There are vast portions of the highway the cross thousands of miles through the some of the driest deserts in the world, including the Atacama (Dry as in half-an-inch of rain every 10 years). On many of those miles, this highway was a small two lane road, sometimes with steep drop offs on both sides into interminably shifting sand and gravel.
We travelled on the Pan American Highway often, and there were spans of it when there were absolutely no lights, no town or city for hundreds of miles. Rest stops were often just a stop on the side of the road and a search for a sand dune tall enough to provide some cover.

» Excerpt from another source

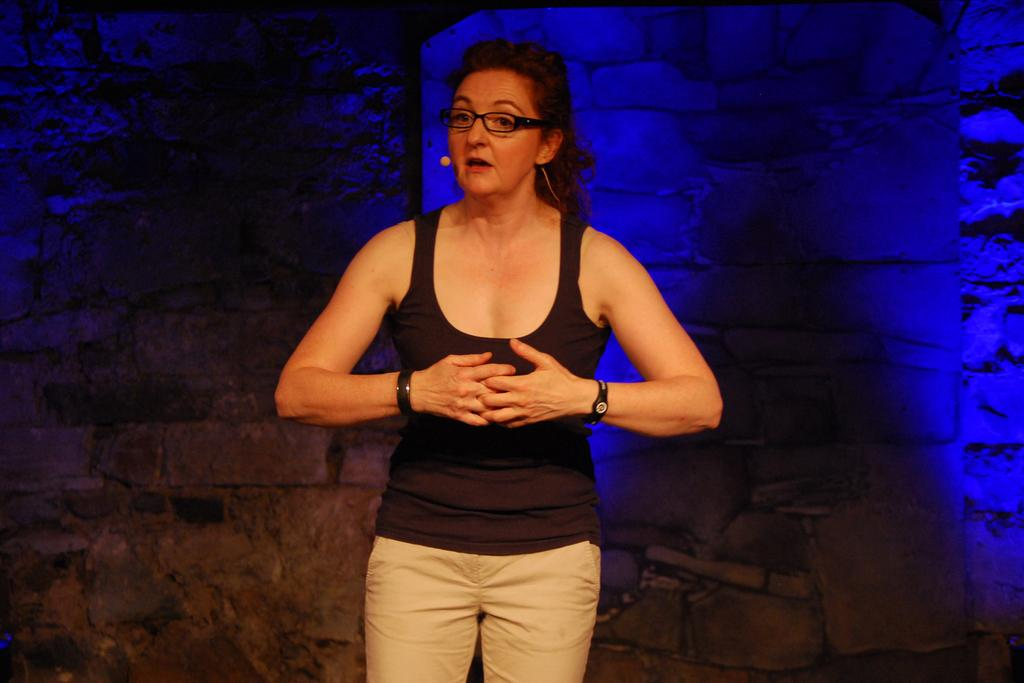What is the main subject of the image? There is a person in the image. What is the person doing in the image? The person is standing. What color is the shirt the person is wearing? The person is wearing a black shirt. What color are the pants the person is wearing? The person is wearing cream pants. What can be seen in the background of the image? There is a wall in the background of the image. Can you see any wilderness or volcanoes in the image? No, there is no wilderness or volcanoes present in the image. Are there any bees buzzing around the person in the image? No, there are no bees visible in the image. 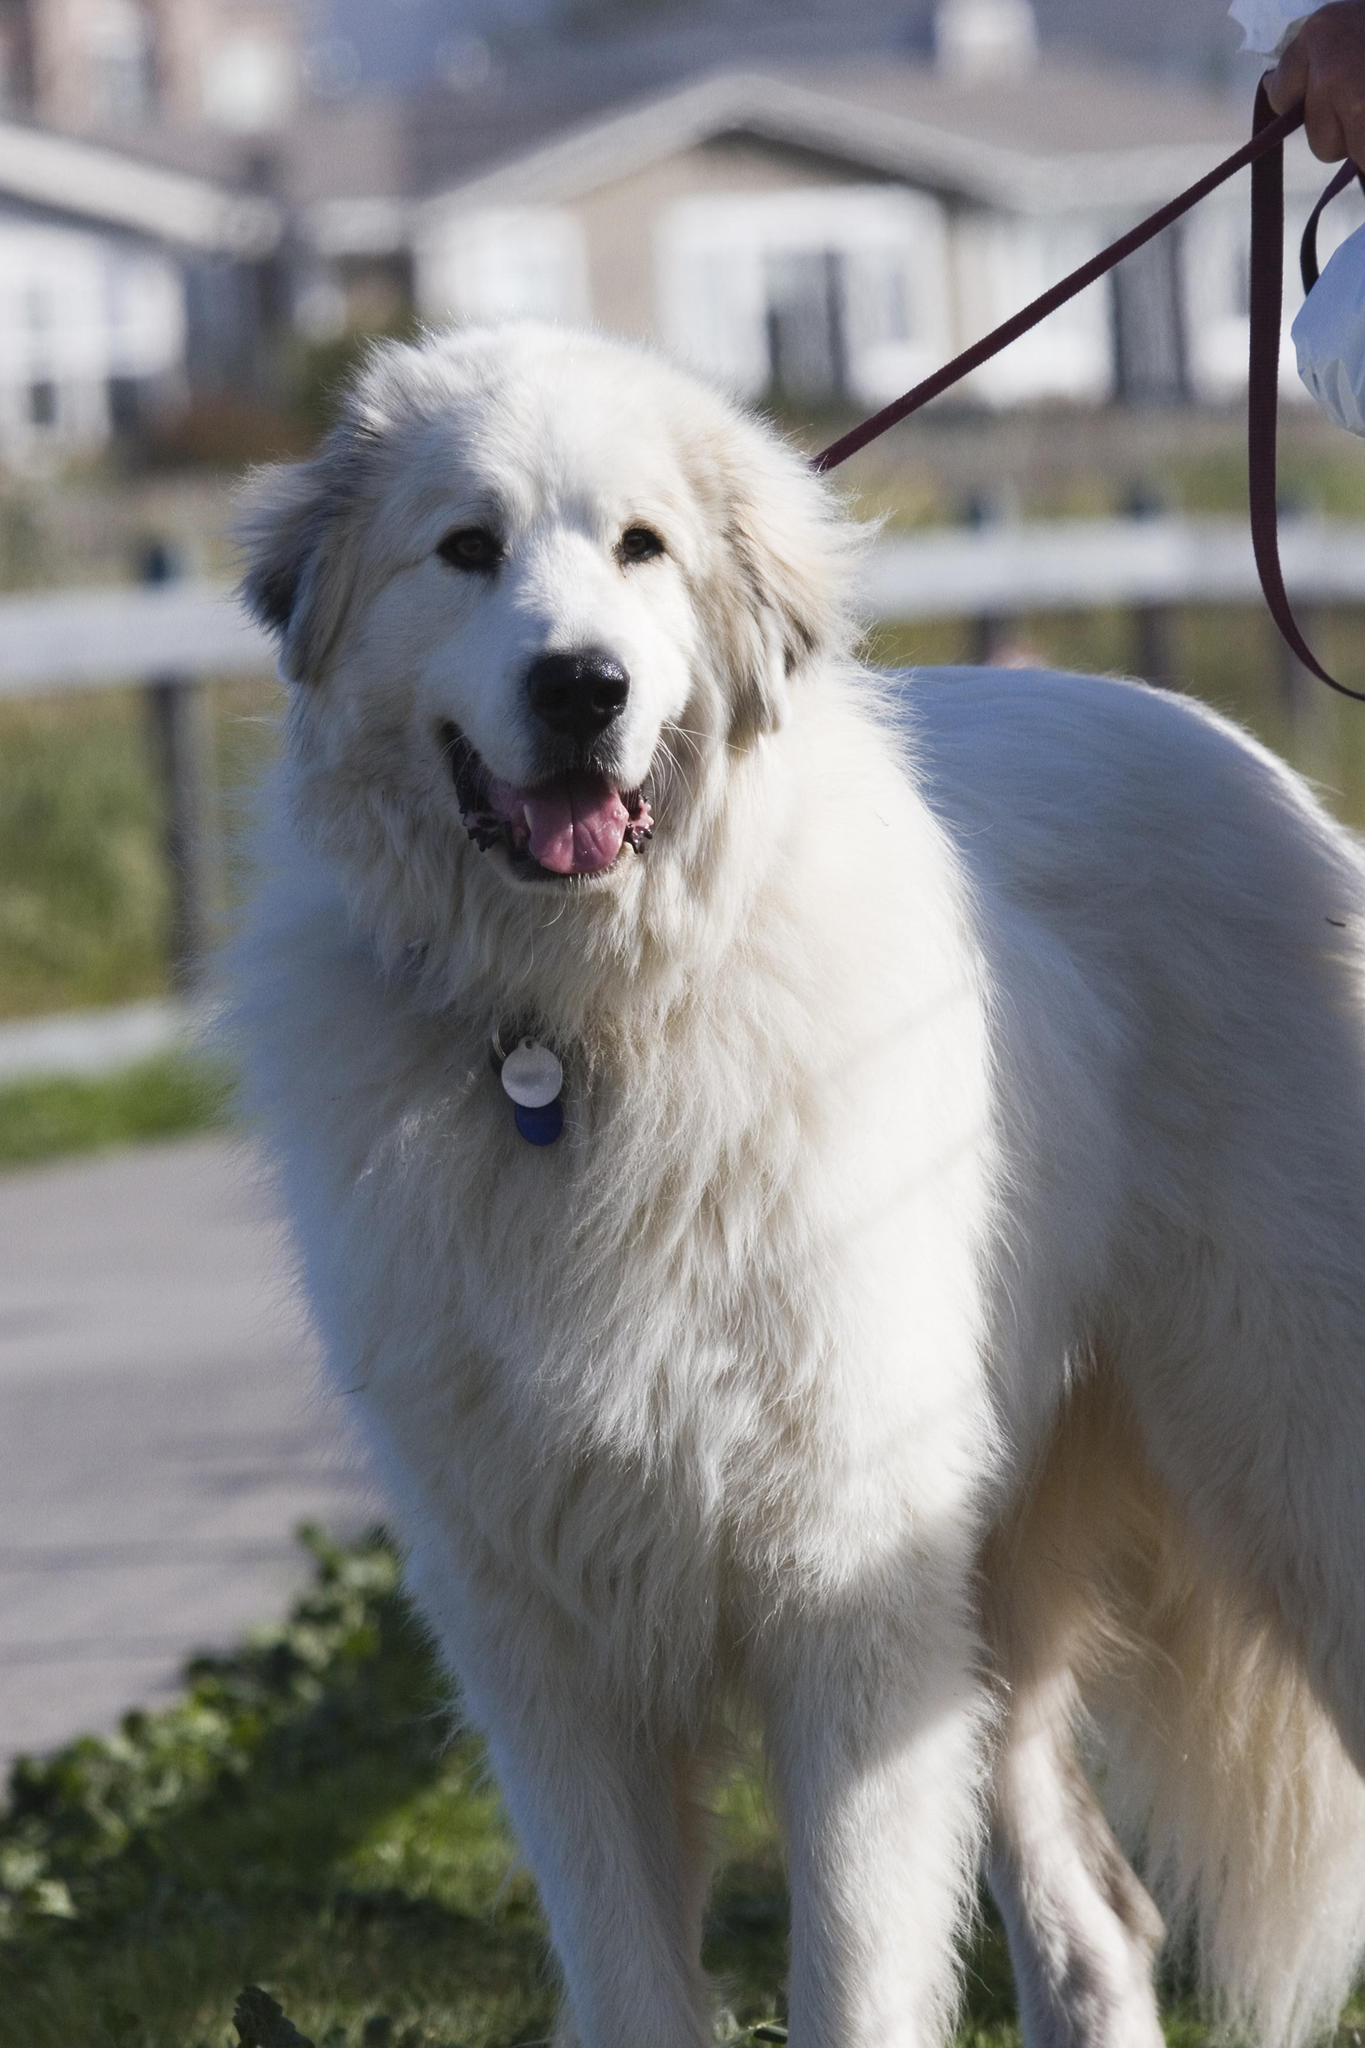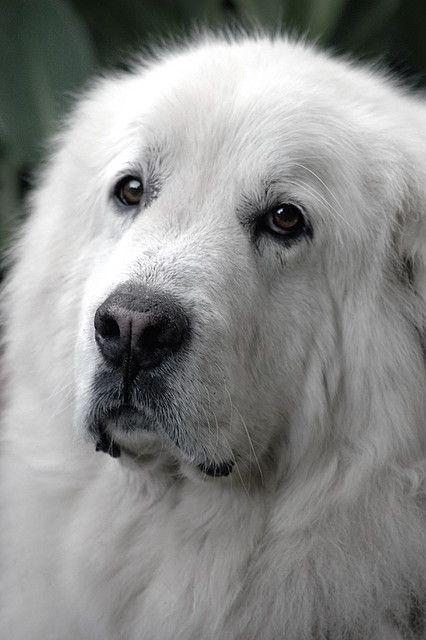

We drove back and forth on it in an old station wagon we called the grey goose. The back seat faced backwards, and if one layed down on it just right, one could look up at the stars at night, and see an amazing sight – a milky swath of stars so thick across the night sky, that its name’s source becomes obvious.
Sometimes, it was a very bumpy ride. Any approaching truck coming from the other direction would force dad to take the right wheels onto the sand. Mind you, when doing so we’d always be at risk of bottoming out on a ragged road edge or getting stuck in the sand. Given that vast portions of the highway were unlit, one also ran the risk of an unexpected collision with….animals, random dunes that were created during a sand storm, and more. One night we hit a hog. Yes. A huge wild hog. It almost completely dislodged our gas tank as it went under the car. We spent a good half-day on the side of the road siphoning out the gas manually (tube and mouth applied to tank), tying a rope around the tank and car to keep it in place, and siphoning the gas back in.
Sometimes, it was a smooth, gorgeous ride. Many of the beaches along the coast are desolate and beautiful. More than once, we’d stop for an afternoon break and enjoy a swim on pristine, untouched beaches. Dad would sometimes take the car and drive along the beach looking for a perfect spot – we’d drive for miles like this, with no one in sight but us. Peru’s coast is desert, volcanic desert. As such, much of the sand is mixed with tiny multicolored crystals. At dawn and dusk, the Peruvian dunes that spanned both sides of the Pan-American would turn into an earthy, gorgeous spectrum of red, brown and orange mounds.
This desolate, silent, and joyful beauty of an experience still speaks to me, and shapes me in more ways than I know. The Pan American Highway runs through me now, feeding ideas and inspiration at home and at work.
And that’s today’s story.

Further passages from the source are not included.